It’s almost 90 years since John Maynard Keynes predicted a new age of leisure. The esteemed economist foresaw a time when a 15-hour working week would be standard in developed countries. In fact, we’re more likely to work 15-hour days.
Not even greater longevity is providing the kind of leisure age he thought possible. The high number of people without adequate pension provision means many people’s golden years will be spent still at work.
About the only certainty surrounding the future of work is that it will be increasingly digitised. Software isn’t just eating the world, it is transforming the workplace.
But unless this transformation is properly managed, both by governments and employers, it risks leading to a new class of haves and have nots. Those who have the opportunity to retrain and upskill will have the opportunity to keep pace in the workplace. Those who have not, will not.
It is a vista that is already causing concern. Research from PwC Ireland highlights an "acute need" for digital upskilling. A global survey of technology, jobs and skills undertaken by the accountancy firm finds that fear of automation is understandably greatest among those getting the fewest opportunities to upskill.
More than a third (34 per cent ) of adults with secondary education or less say they are not learning any new digital skills, compared with just 17 per cent of college graduates.
More than half (53 per cent), of workers believe automation will significantly change or make their job obsolete within the next 10 years. More than three quarters (77 per cent) of adults would learn new skills now, or completely retrain, to improve their future employability.
‘Skills to adapt’
“The mismatch between the skills people have and those needed for the digital world is fast becoming one of the world’s most important problems. While technology will likely create as many jobs as it displaces, they will be very different, and people need the skills to adapt,” says Ger McDonough, partner PwC, people and organisation.
While there is a huge appetite among people to learn, the opportunities to do so are not evenly spread. “These disparities are only going to get more extreme without serious attention from governments, NGOs and businesses,” he says.
With longer working lives, upskilling becomes more important than ever. Here too, demographic deficits are emerging, with 69 per cent of 18- to 34-year-olds feeling positive about the future impact of technology on their jobs, compared with just 50 per cent of those aged over 55.
Equally, while only 18 per cent of 18- to 34-year-olds say they are not being given opportunities to learn new digital skills by their employer, for the older cohorts that figure more than doubles, to 38 per cent .
If organisations are to cope with – not to mind capitalise on – the rise of emerging technology trends such as automation, machine learning and artificial intelligence, the ability to upskill all of their workforce will be key.
“Whatever the technology, it is only ever as good as a leader’s ability to identify the opportunity, a technical team’s ability to deliver it, and people’s ability to work with it every day,” cautions McDonough.
The need to upskill staff is relatively new. Historically, organisations simply let go people whose skills were obsolete, and looked to other industries in order to recruit new ones. In a tightened labour market, that’s increasingly hard to do, and increasingly expensive to pay for.

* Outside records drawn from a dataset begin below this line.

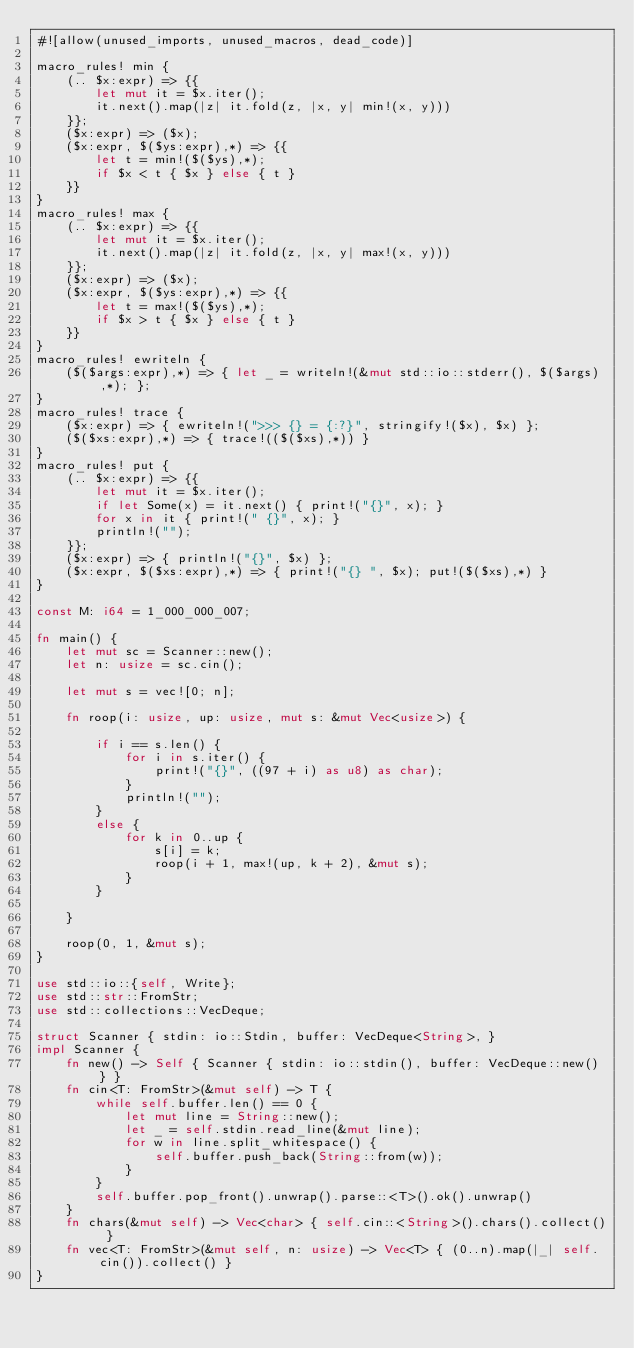Convert code to text. <code><loc_0><loc_0><loc_500><loc_500><_Rust_>#![allow(unused_imports, unused_macros, dead_code)]

macro_rules! min {
    (.. $x:expr) => {{
        let mut it = $x.iter();
        it.next().map(|z| it.fold(z, |x, y| min!(x, y)))
    }};
    ($x:expr) => ($x);
    ($x:expr, $($ys:expr),*) => {{
        let t = min!($($ys),*);
        if $x < t { $x } else { t }
    }}
}
macro_rules! max {
    (.. $x:expr) => {{
        let mut it = $x.iter();
        it.next().map(|z| it.fold(z, |x, y| max!(x, y)))
    }};
    ($x:expr) => ($x);
    ($x:expr, $($ys:expr),*) => {{
        let t = max!($($ys),*);
        if $x > t { $x } else { t }
    }}
}
macro_rules! ewriteln {
    ($($args:expr),*) => { let _ = writeln!(&mut std::io::stderr(), $($args),*); };
}
macro_rules! trace {
    ($x:expr) => { ewriteln!(">>> {} = {:?}", stringify!($x), $x) };
    ($($xs:expr),*) => { trace!(($($xs),*)) }
}
macro_rules! put {
    (.. $x:expr) => {{
        let mut it = $x.iter();
        if let Some(x) = it.next() { print!("{}", x); }
        for x in it { print!(" {}", x); }
        println!("");
    }};
    ($x:expr) => { println!("{}", $x) };
    ($x:expr, $($xs:expr),*) => { print!("{} ", $x); put!($($xs),*) }
}

const M: i64 = 1_000_000_007;

fn main() {
    let mut sc = Scanner::new();
    let n: usize = sc.cin();

    let mut s = vec![0; n];

    fn roop(i: usize, up: usize, mut s: &mut Vec<usize>) {

        if i == s.len() {
            for i in s.iter() {
                print!("{}", ((97 + i) as u8) as char);
            }
            println!("");
        }
        else {
            for k in 0..up {
                s[i] = k;
                roop(i + 1, max!(up, k + 2), &mut s);
            }
        }

    }

    roop(0, 1, &mut s);
}

use std::io::{self, Write};
use std::str::FromStr;
use std::collections::VecDeque;

struct Scanner { stdin: io::Stdin, buffer: VecDeque<String>, }
impl Scanner {
    fn new() -> Self { Scanner { stdin: io::stdin(), buffer: VecDeque::new() } }
    fn cin<T: FromStr>(&mut self) -> T {
        while self.buffer.len() == 0 {
            let mut line = String::new();
            let _ = self.stdin.read_line(&mut line);
            for w in line.split_whitespace() {
                self.buffer.push_back(String::from(w));
            }
        }
        self.buffer.pop_front().unwrap().parse::<T>().ok().unwrap()
    }
    fn chars(&mut self) -> Vec<char> { self.cin::<String>().chars().collect() }
    fn vec<T: FromStr>(&mut self, n: usize) -> Vec<T> { (0..n).map(|_| self.cin()).collect() }
}
</code>

That makes learning a more efficient alternative. But “we just don’t have a track record of enabling lifelong learning in our organisations”, says McDonough, who reckons that in the future, that will have to change.
“Such is the pace of change now, and the technological transformations being experienced, that employers realise they can’t protect jobs, they can only protect their people.”
‘Particularly acute’
It’s particularly acute in sectors such as financial services, where people with both digital skills and core banking skills are now required, points out Dervla McCormack, partner, PwC financial services advisory.
PwC’s survey work in that sector shows the biggest barrier to digital innovation now is a lack of skilled teams. It suggests 84 per cent of the financial services sector in Ireland is concerned about skills shortages as an impediment to growth, compared with 76 per cent of their global counterparts.
Employers must address these skills challenges while at the same time cope with rapidly changing employee expectations, chief among which is an issue that harks back to Keynes – how to achieve a better work-life balance.
"It is a huge issue right now, particularly as there are less definite cut-off points now in terms of working the traditional 9am to 5pm, or in terms of whether work is done in the office, at home or in a coffee shop," says Catherine O'Flynn, head of employment and benefits at law firm William Fry.
The need to ensure employees don’t burn is rising in our ‘always on’ smart devices culture. But managing an increasingly flexible workforce, which includes a greater cohort of atypical, freelance or project-based workers, as well as staffers working in remote locations, will bring its own challenges.
Employers will still have to navigate this rise in atypical working in a way that meets all their health and safety obligations. Mental health will have to be protected too, as “some people thrive on remote working but others can feel isolated”, says O’Flynn.
The challenge will be to provide staff with the flexibility they need, the support they require, and a collegiate culture among disparately located teams. It will also be to keep staff learning, so as to leverage the benefits of technological advances.
But don't rule out the leisure age just yet. The UK's Labour party has committed to a four-day working week, and it has already been trialled by giants such as Microsoft in Japan, where it led to happier staff and productivity gains of up to 40 per cent. It begs a Keynesian question – if we're that great in four days, what would we be like in two?